My parents taught me that sharing Black American stories of ingenuity and joy — not just despair and hardship — is powerful, and I pass this message on to my four-year-old son, Langston. One of those stories is about Mitchelville, a town that once stood on South Carolina’s Hilton Head Island.
Mitchelville’s legacy remains largely unknown outside the Lowcountry. It was the first self-governed town of formerly enslaved people in the United States. From the first time I heard about it, I knew I had to see it, so I flew down from New York for a four-day trip last July.
After landing at Hilton Head Island Airport, I went straight to the Historic Mitchelville Freedom Park — and felt as if I had stepped back in time. At the entrance, a modest sign read WHERE FREEDOM BEGAN. I thought about that phrase as I walked into the 33-acre reserve, which is filled with massive oaks, Spanish moss, and palmetto trees.

During the Civil War, in late 1861, the Union Army captured Hilton Head. While plantation owners fled the advancing troops in boats, hundreds of enslaved people, then considered “contraband of war” by the Union Army, remained on the island. Because of Hilton Head’s remoteness (the first bridge to the mainland wasn’t built until 1956), not to mention the thousands of Union soldiers, the Confederate Army was unable to retake the land. In 1862, Union general Ormsby Mitchel worked with the community to establish the town of Mitchelville on the grounds of what had previously been the Fish Haul Creek Plantation.
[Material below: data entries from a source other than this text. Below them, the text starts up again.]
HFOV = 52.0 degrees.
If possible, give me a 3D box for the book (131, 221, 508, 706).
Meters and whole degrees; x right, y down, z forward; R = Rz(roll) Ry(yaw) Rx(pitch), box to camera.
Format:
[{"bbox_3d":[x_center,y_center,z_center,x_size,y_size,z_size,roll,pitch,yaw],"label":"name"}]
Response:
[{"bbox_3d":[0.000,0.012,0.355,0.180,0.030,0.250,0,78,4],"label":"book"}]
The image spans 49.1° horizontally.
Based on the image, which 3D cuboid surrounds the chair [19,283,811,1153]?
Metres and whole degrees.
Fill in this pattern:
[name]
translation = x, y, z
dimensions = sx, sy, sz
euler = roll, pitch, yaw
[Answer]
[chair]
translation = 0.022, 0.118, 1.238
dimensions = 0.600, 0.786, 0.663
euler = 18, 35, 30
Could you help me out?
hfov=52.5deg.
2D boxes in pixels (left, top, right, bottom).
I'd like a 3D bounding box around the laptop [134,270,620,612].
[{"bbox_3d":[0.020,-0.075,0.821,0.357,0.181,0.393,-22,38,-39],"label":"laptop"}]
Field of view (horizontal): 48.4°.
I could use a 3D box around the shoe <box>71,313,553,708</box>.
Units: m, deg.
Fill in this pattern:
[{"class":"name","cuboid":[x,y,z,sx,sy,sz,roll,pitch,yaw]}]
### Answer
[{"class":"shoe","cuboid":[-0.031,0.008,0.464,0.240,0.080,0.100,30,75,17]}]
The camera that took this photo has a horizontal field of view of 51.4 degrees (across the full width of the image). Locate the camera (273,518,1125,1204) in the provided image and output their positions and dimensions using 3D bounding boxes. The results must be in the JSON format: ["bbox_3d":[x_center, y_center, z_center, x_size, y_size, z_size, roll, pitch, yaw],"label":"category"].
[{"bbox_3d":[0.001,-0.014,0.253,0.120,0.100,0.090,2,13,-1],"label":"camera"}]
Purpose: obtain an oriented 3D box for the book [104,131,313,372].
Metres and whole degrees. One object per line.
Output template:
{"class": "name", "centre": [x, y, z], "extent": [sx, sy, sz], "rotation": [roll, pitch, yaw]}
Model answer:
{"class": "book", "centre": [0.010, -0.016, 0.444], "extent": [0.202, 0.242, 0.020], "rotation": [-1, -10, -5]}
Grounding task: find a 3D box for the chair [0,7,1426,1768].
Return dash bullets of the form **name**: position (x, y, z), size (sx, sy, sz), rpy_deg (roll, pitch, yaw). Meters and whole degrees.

Some 3,000 formerly enslaved people lived in freedom there — a notable feat, considering slavery wasn’t abolished until 1865. After the war ended, the departure of the Union Army created a dearth of jobs, causing many residents to leave the island in search of work. The land was returned to the heir of the former owner. By the 1930s, there was nothing left of Mitchelville.
That day on the grounds, I met the park’s executive director, Ahmad Ward. A North Carolina native, he previously spent 15 years leading the education department at the Birmingham Civil Rights Institute in Alabama. Together we visited a replica of a praise house, where Mitchelville residents would have worshiped, organized, and socialized. Back then, Ward told me, the town consisted of well-ordered streets and modest but accommodating wooden homes, churches, and schools. Locals held elections, enacted laws, and collected taxes. “Mitchelville represents the movement of enslaved people toward self-sufficiency and complete independence,” Ward said. “This incredible landmark of American history existed on Hilton Head before the resorts and golf courses.”
Mitchelville was home to South Carolina’s first mandatory school system, and it was a vibrant community where people raised families, bartered goods and services, and grew and caught their own food: okra, rice, tomatoes, oysters, blue crabs, and shrimp. Many residents had roots in the region that is now Sierra Leone and Angola — a place where men and women were specially targeted for enslavement because of their expertise in growing rice, which was one of South Carolina’s cash crops in the early 18th century. They had survived unimaginable cruelty, yet found the fortitude to create a thriving safe haven.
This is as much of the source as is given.